您还可以将 C 文件编译成目标文件,然后将它们 link 编译成此代码并从汇编中调用它们。在这个例子中,GCC 只是被用作 linker.
编译 C 文件并用汇编代码链接
这个例子类似于第一个例子,除了我们创建一个名为 cfuncs.c 的 C 文件,它调用我们的汇编语言 WriteString 函数来打印 你好,世界!:
cfuncs.c
/* WriteString is the assembly language function to write to console*/
extern void WriteString (const char *str, int len);
/* Implement strlen */
size_t strlen(const char *str)
{
const char *s = str;
for (; *s; ++s)
;
return (s-str);
}
void PrintHelloWorld(void)
{
char *strHelloWorld = "Hello, world!\n";
WriteString (strHelloWorld, strlen(strHelloWorld));
return;
}
myprog.asm
default rel ; Default to RIP relative addressing rather
; than absolute
global WinMain ; Make the default console entry point globally visible
global WriteString ; Make function WriteString globally visible
; Our own external C functions from our .c file
extern PrintHelloWorld
; External Win API functions in kernel32
extern WriteConsoleA
extern GetStdHandle
extern ExitProcess
SHADOW_AREA_SIZE EQU 32
STD_OUTPUT_HANDLE EQU -11
; Read Only Data section
section .rdata use64
strBrownFox db "The quick brown fox jumps over the lazy dog!", 13, 10
strBrownFox_len equ $-strBrownFox
; Data section (read/write)
section .data use64
; BSS section (read/write) zero-initialized
section .bss use64
numCharsWritten: resd 1 ; reserve space for one 4-byte dword
; Code section
section .text use64
; Default Windows entry point in 64-bit code
WinMain:
push rsp ; Align stack on 16-byte boundary. 8 bytes were
; pushed by the CALL that reached us. 8+8=16
lea rcx, [strBrownFox] ; Parameter 1 = address of string to print
mov edx, strBrownFox_len ; Parameter 2 = length of string to print
call WriteString
call PrintHelloWorld ; Call C function that prints Hello, world!
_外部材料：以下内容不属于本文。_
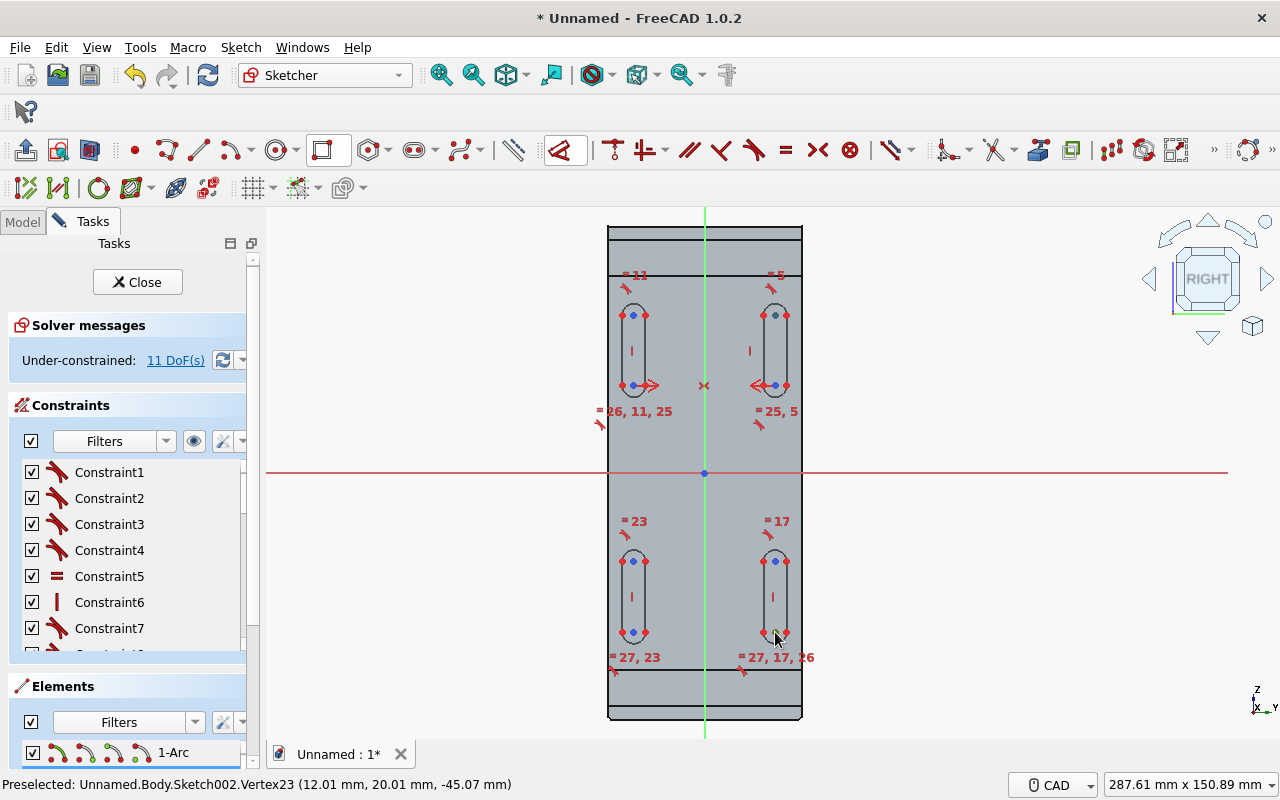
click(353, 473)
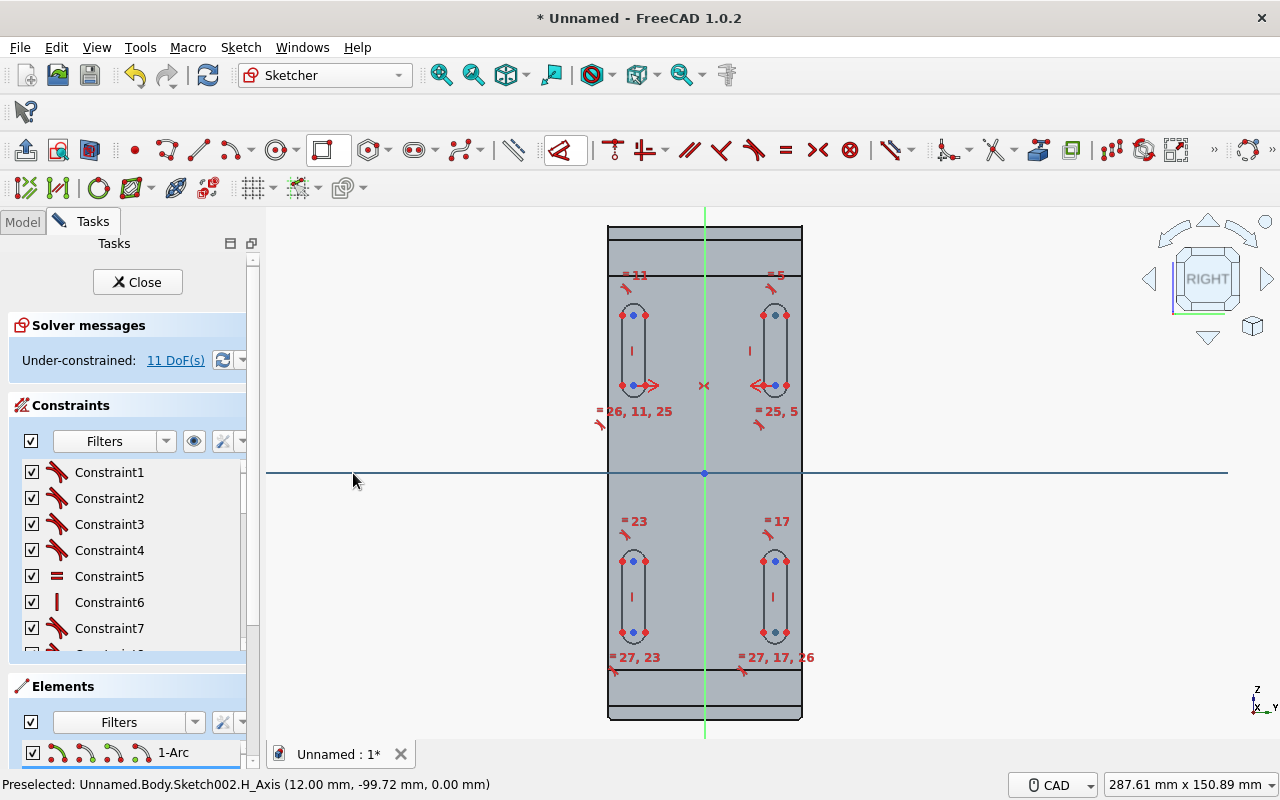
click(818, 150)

xor ecx, ecx ; Exit and return 0
call ExitProcess
WriteString:
push rbp
mov rbp, rsp ; Creating a stack frame is optional
push rdi ; Non volatile register we clobber that has to be saved
push rsi ; Non volatile register we clobber that has to be saved
sub rsp, 16+SHADOW_AREA_SIZE
; The number of bytes pushed must be a multiple of 8
; to maintain alignment. That includes RBP, the registers
; we save and restore, the maximum number of extra
; parameters needed by all the WinAPI calls we make
; And the Shadow Area Size. 8+8+8+16+32=72.
; 72 is multiple of 8 so at this point our stack
; is aligned on a 16 byte boundary. 8 bytes were pushed
; by the call to reach WriteString.
; 72+8=80 = 80 is evenly divisible by 16 so stack remains
; properly aligned after the SUB instruction
mov rdi, rcx ; Store string address to RDI (Parameter 1 = RCX)
mov esi, edx ; Store string length to RSI (Parameter 2 = RDX)
; HANDLE WINAPI GetStdHandle(
; _In_ DWORD nStdHandle
; );
mov ecx, STD_OUTPUT_HANDLE
call GetStdHandle
; BOOL WINAPI WriteConsole(
; _In_ HANDLE hConsoleOutput,
; _In_ const VOID *lpBuffer,
; _In_ DWORD nNumberOfCharsToWrite,
; _Out_ LPDWORD lpNumberOfCharsWritten,
; _Reserved_ LPVOID lpReserved
; );
mov ecx, eax ; RCX = File Handle for STDOUT.
; GetStdHandle returned handle in EAX
mov rdx, rdi ; RDX = address of string to display
mov r8d, esi ; R8D = length of string to display
lea r9, [numCharsWritten]
mov qword [rsp+SHADOW_AREA_SIZE+0], 0
; 5th parameter passed on the stack above
; the 32 byte shadow space. Reserved needs to be 0
call WriteConsoleA
pop rsi ; Restore the non volatile registers we clobbered
pop rdi
mov rsp, rbp
pop rbp
ret
要 assemble、编译和 link 为可执行文件,您可以使用这些命令:
nasm -f win64 myprog.asm -o myprog.obj
gcc -c cfuncs.c -o cfuncs.obj
gcc -nodefaultlibs -nostdlib -nostartfiles myprog.obj cfuncs.obj -lkernel32 -lgcc -o myprog.exe
myprog.exe 的输出应该是:
The quick brown fox jumps over the lazy dog! Hello, world!